Here is an EXPLAIN ANALYZE output for a slow query on the `order_items` table: {paste EXPLAIN ANALYZE output} The query takes 3.2 seconds on the production dataset (2.8M rows in order_items, 940K in orders). Which index would you add first to reduce the sequential scan on order_items? Generate the CREATE INDEX CONCURRENTLY statement, and rewrite the original query to use the new index without changing the result set. Use `pg_hint_plan` syntax if helpful.

In our test, the assistant correctly identified that the sequential scan was on order_items.created_at — the query was filtering by a date range but no index existed on that column. It generated a composite index on (order_id, created_at) that reduced the query time from 3.2s to 47ms.

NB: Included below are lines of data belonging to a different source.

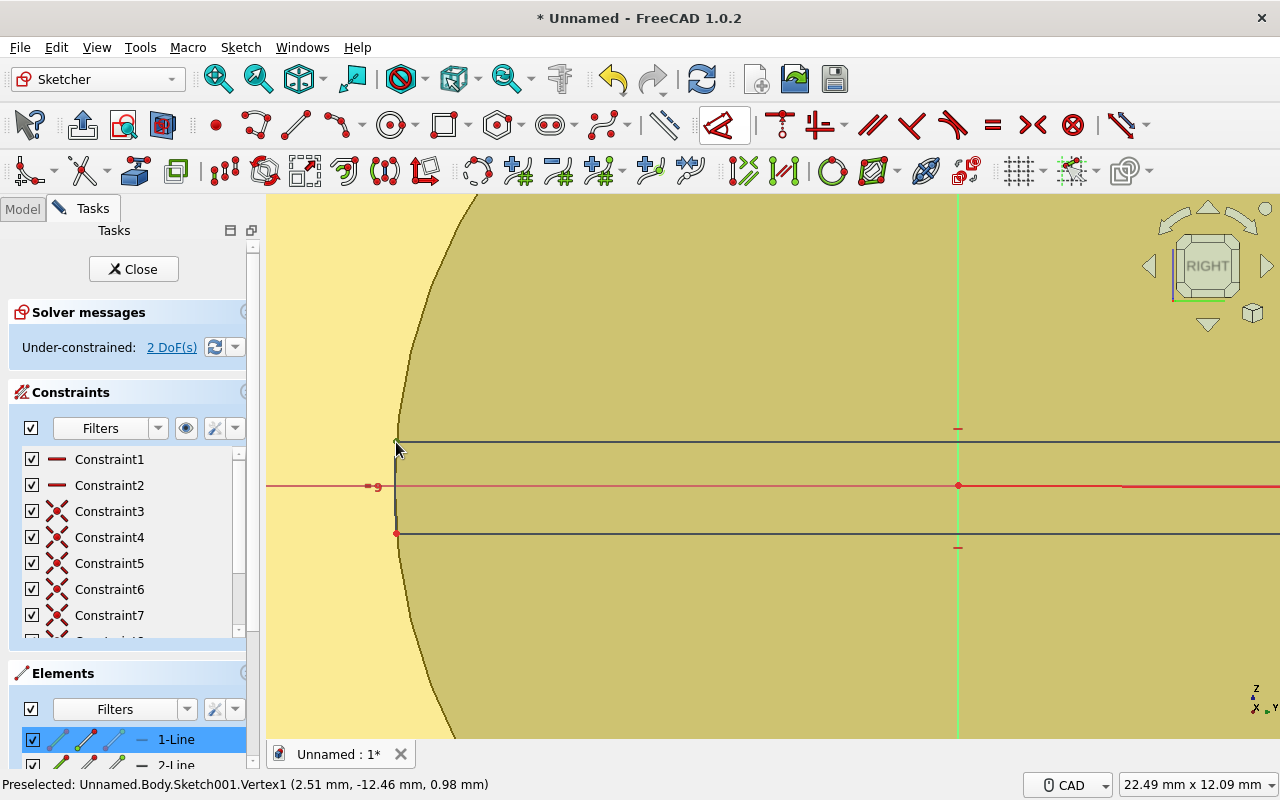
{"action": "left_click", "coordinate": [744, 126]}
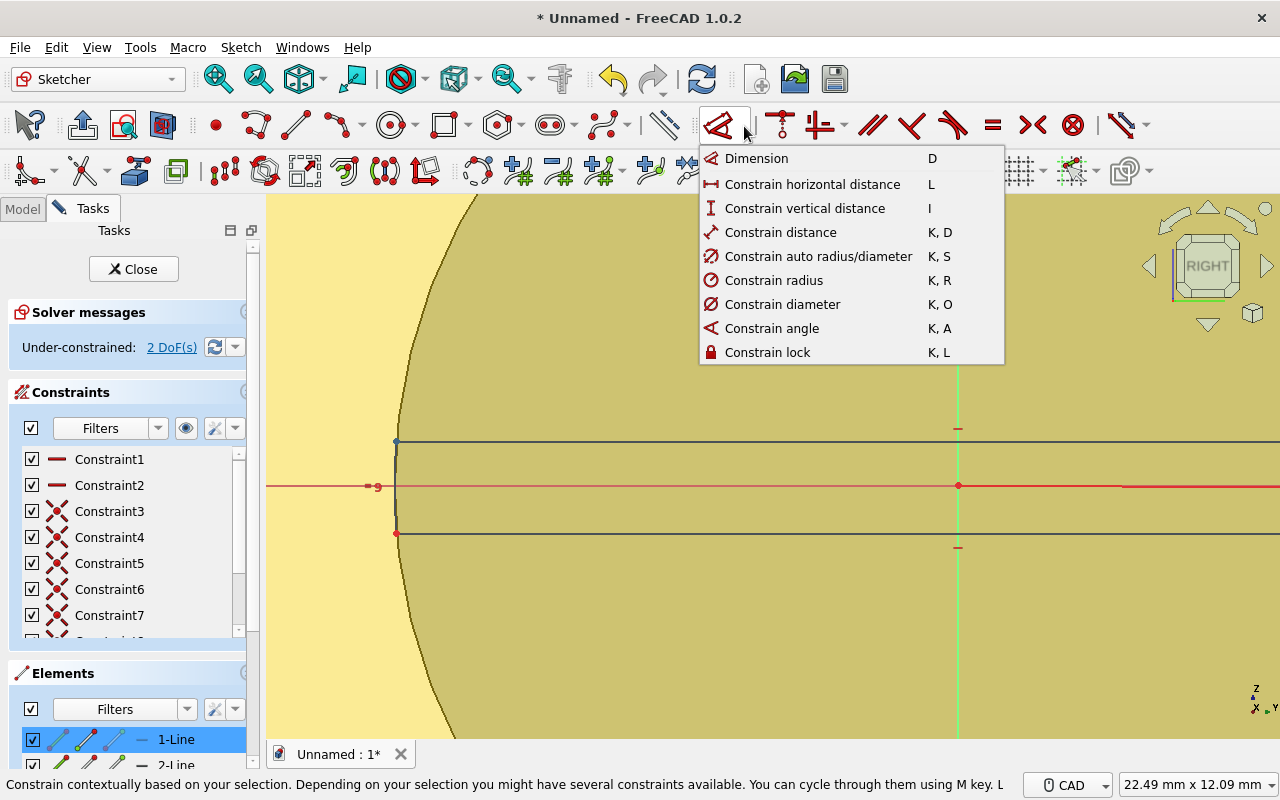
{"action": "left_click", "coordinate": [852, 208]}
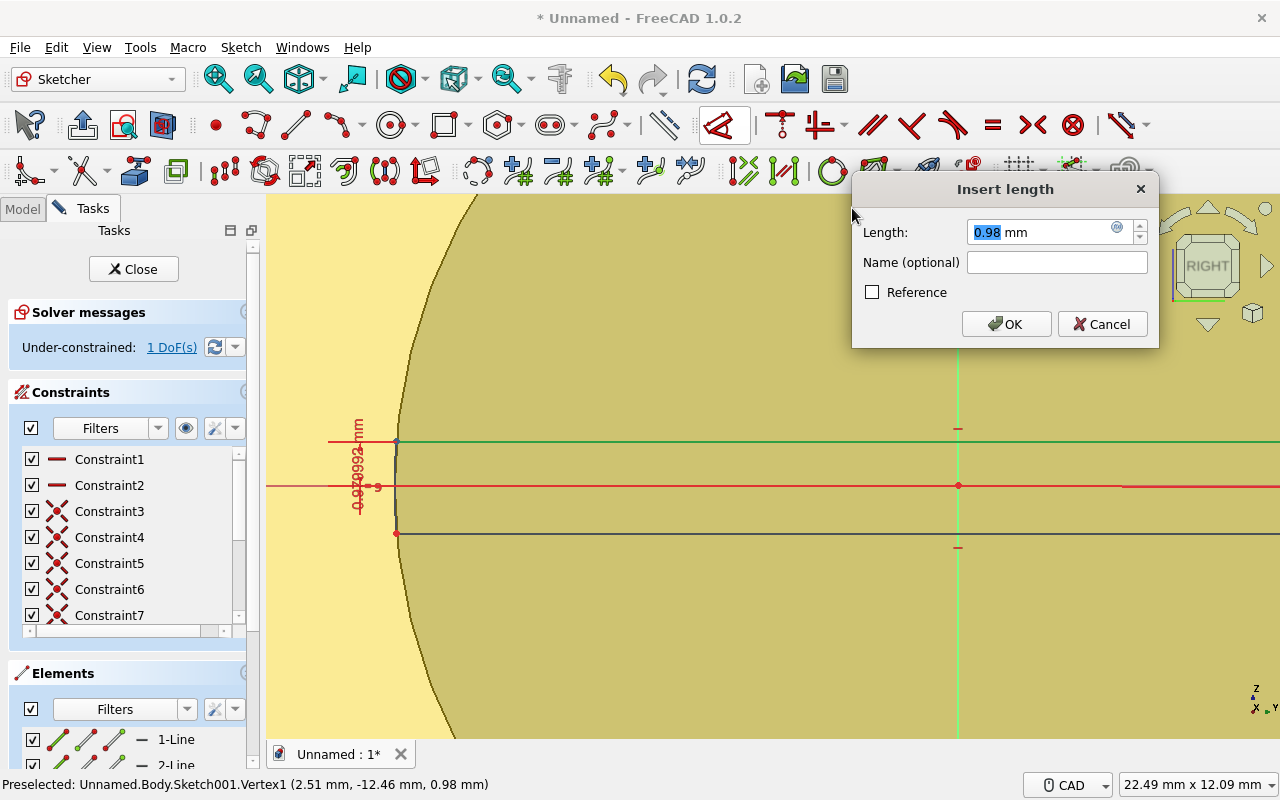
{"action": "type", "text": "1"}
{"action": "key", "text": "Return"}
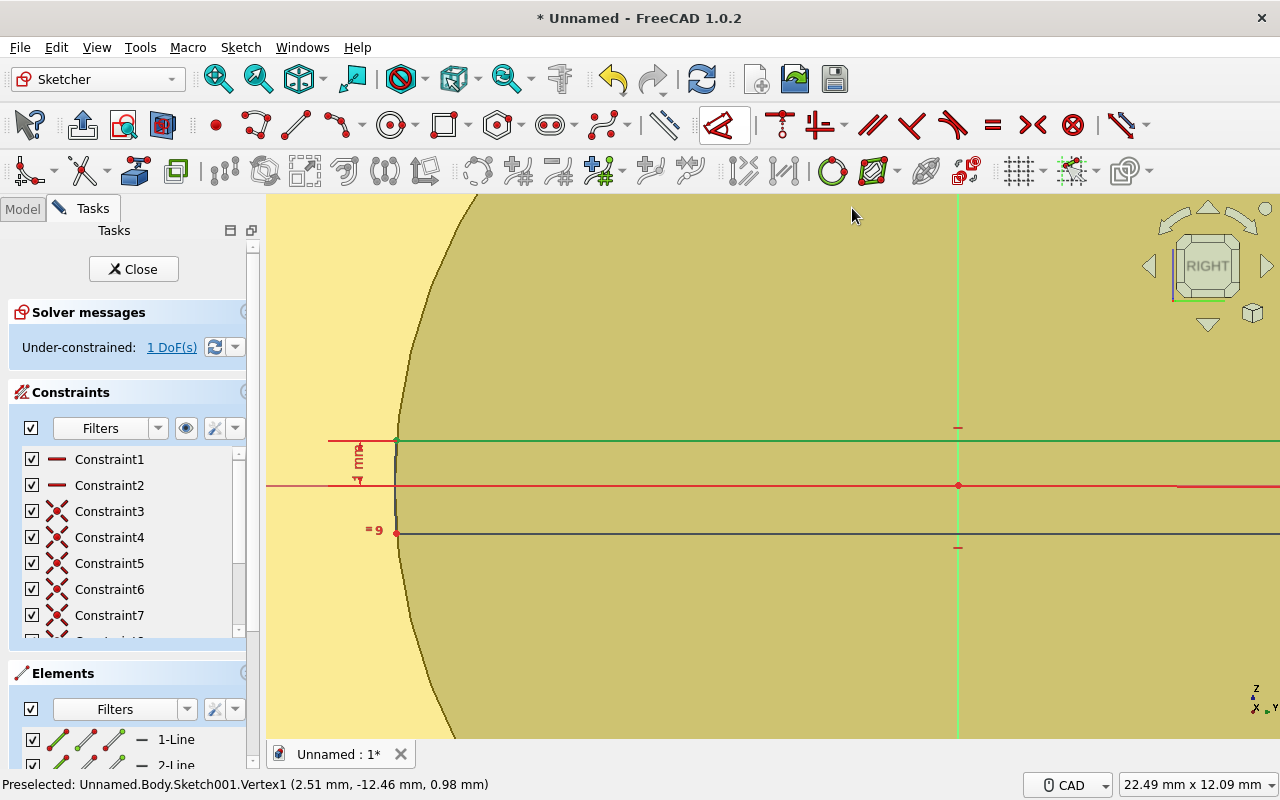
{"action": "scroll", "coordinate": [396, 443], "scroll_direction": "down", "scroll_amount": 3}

The EXPLAIN ANALYZE review workflow alone saves roughly 15 minutes per slow query versus manual analysis.

Prompting for schema design

For schema design tasks — adding a new feature table, normalizing an existing one, or migrating from Postgres to MySQL — the same schema-first principle applies. Always provide:

  1. The current schema — all relevant CREATE TABLE statements
  2. Estimated row counts — helps the model choose appropriate index and constraint types
  3. Access patterns — which queries will hit this table most frequently
  4. Constraints you cannot change — existing application code that depends on column names or types

Example prompt that produced a clean schema in one shot:

Design a schema for storing user notification preferences. Current database: PostgreSQL 16. Estimated: 500K users, each with 3-8 notification channels (email, push, SMS). Access pattern: 90% reads (check preferences to send), 10% writes (user changes settings). Constraint: must store per-channel opt-in/opt-out as well as quiet-hours window per channel. Output the CREATE TABLE with indexes, comment keys for documentation, and the migration in Alembic format with upgrade + downgrade.

The model returned a normalized schema with a user_notification_channels table, a GIN index on the quiet-hours JSONB column for range queries, and a composite unique constraint on (user_id, channel). No follow-up prompts needed.

Limits and notes

Model context window matters. Large schemas (10+ tables) exceed what most models can track accurately. Split the work: first ask the assistant to design the migration plan, then generate each file individually. Cursor's 200K context handles moderate schemas well; Copilot's per-file context struggles with cross-table references.

Always verify the output. AI-generated migrations should never run in production without review. The assistant can miss edge cases like concurrent transactions, lock contention during backfills, or index bloat. Use the schema-first pattern as a time-saver, not a replacement for code review.

Dialect drift is real. If you ask for PostgreSQL but the assistant last trained on MySQL, you may get AUTO_INCREMENT instead of SERIAL. Always specify the database version and dialect in every prompt — even in follow-up prompts.